Feliks Jan Szczęsny Morawski (15 May 1818, in Rzeszów – 10 April 1898, in Stary Sącz) was a Polish historian, writer, painter and ethnographer.

Biography 

He studied painting with Jan Maszkowski in Lwów. Then, from 1839 to 1841, he attended the Academy of Fine Arts in Vienna. After returning to Lwów, he was appointed Curator of the art collections at the Ossolineum. During this time, he travelled throughout Galicia, drawing historical sites and objects. Later, he painted portraits and genre scenes, as well as some religious works. This included a depiction of the Holy Trinity at the  in Rzeszów.

Among his first writings were numerous articles and entries for the 28 volume set of Orgelbrand's Universal Encyclopedia, published from 1859 to 1868.

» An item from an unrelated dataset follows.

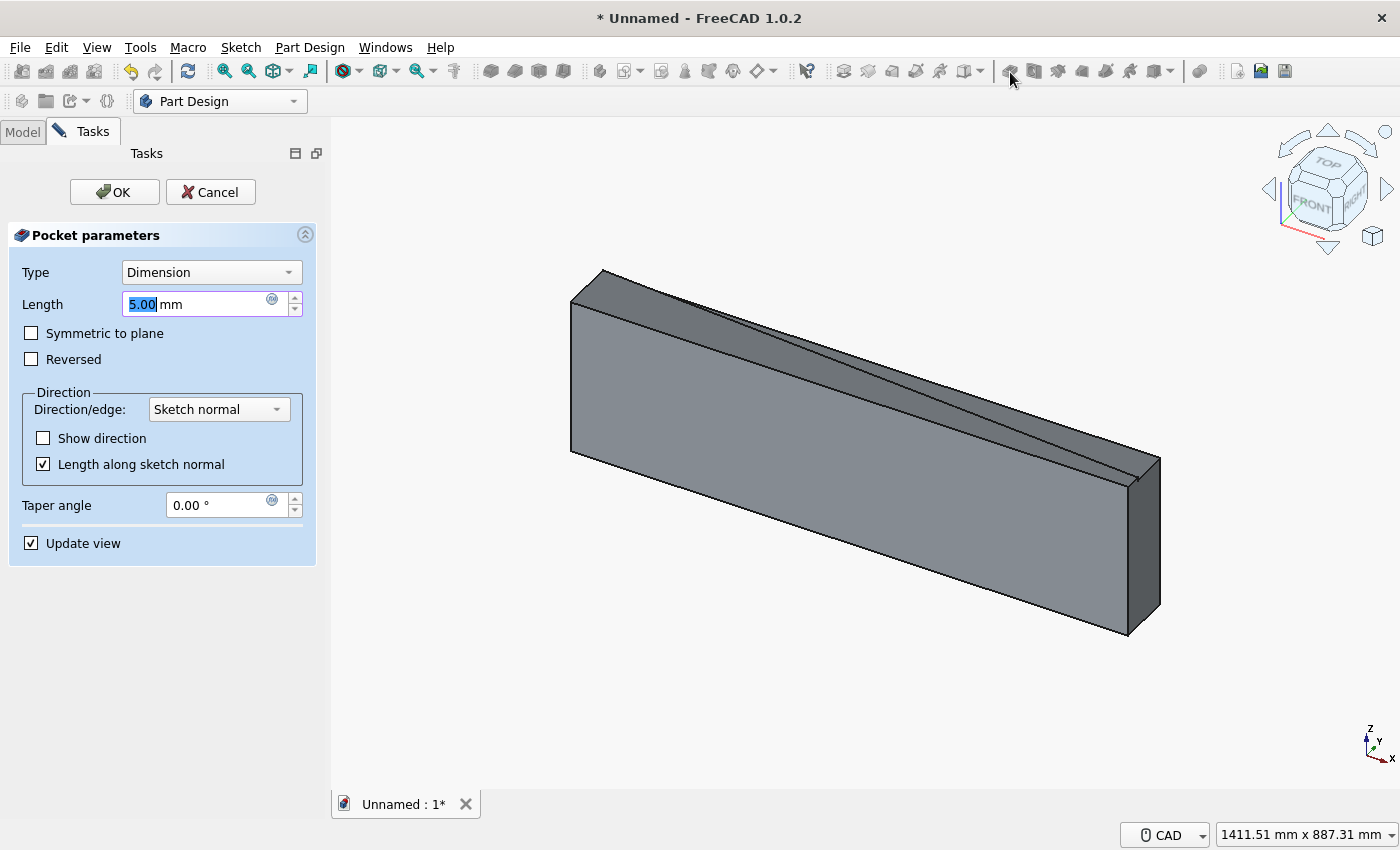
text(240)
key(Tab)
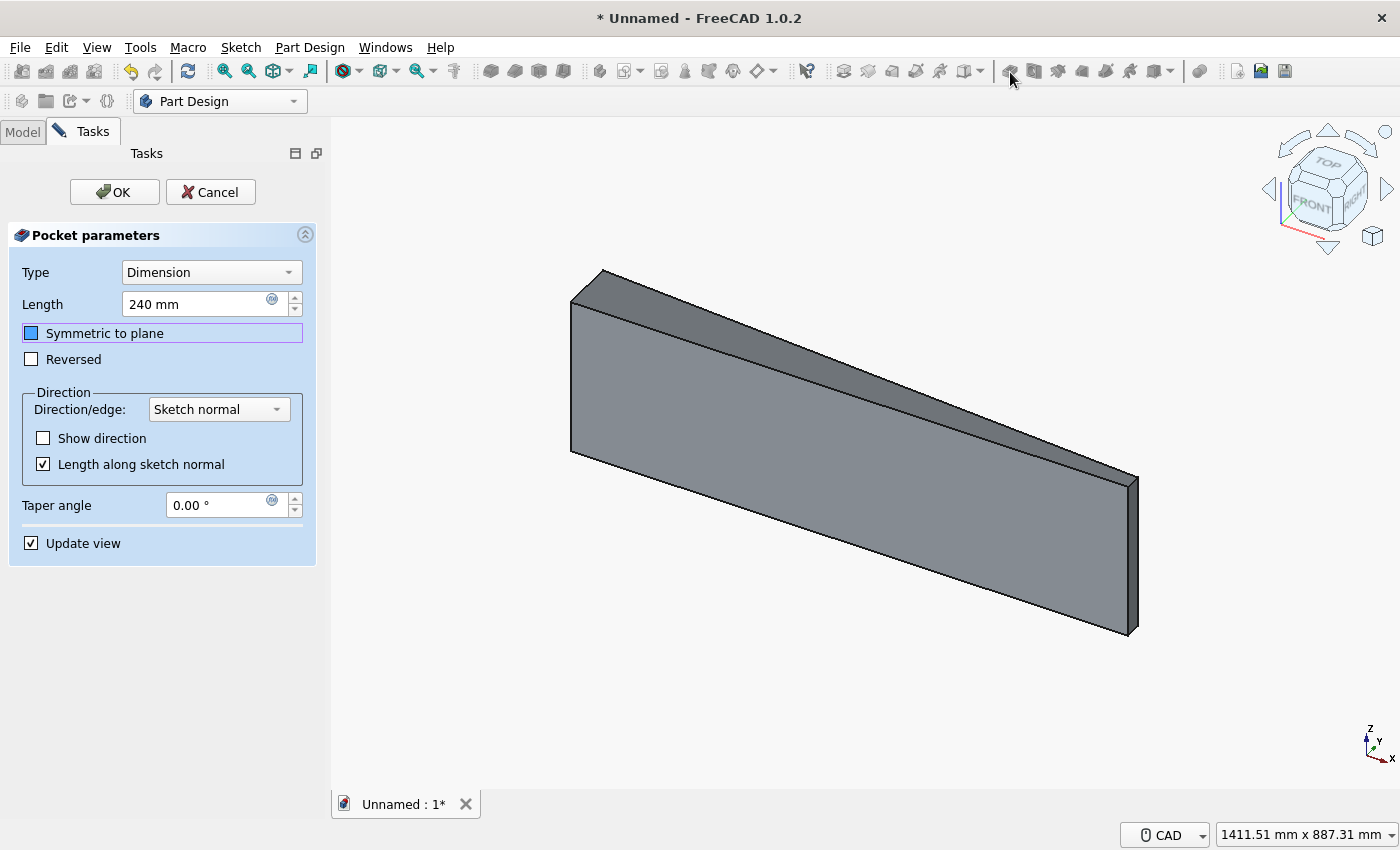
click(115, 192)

He also wrote dissertations on art, history and antiquity. His first monograph was on Stary Sącz: Sądecczyzna and was a fundamental source of information for researchers of the region. His other best known work was an historical novel, about the Bar Confederation. Some of his other titles are; Arianie polscy (Polish Arians), concerning the fate of the Polish Brethren, Pogórze Karpackie (The Carpathian Foothills), Pra-Sławianie i pra-Łotwa (Pre-Slavs and Pre-Latvians), Świat boży i życie na nim (God's World and Life on It), and Wyrazy fenickie w mowie polskiej (Phoenician Words in Polish Speech).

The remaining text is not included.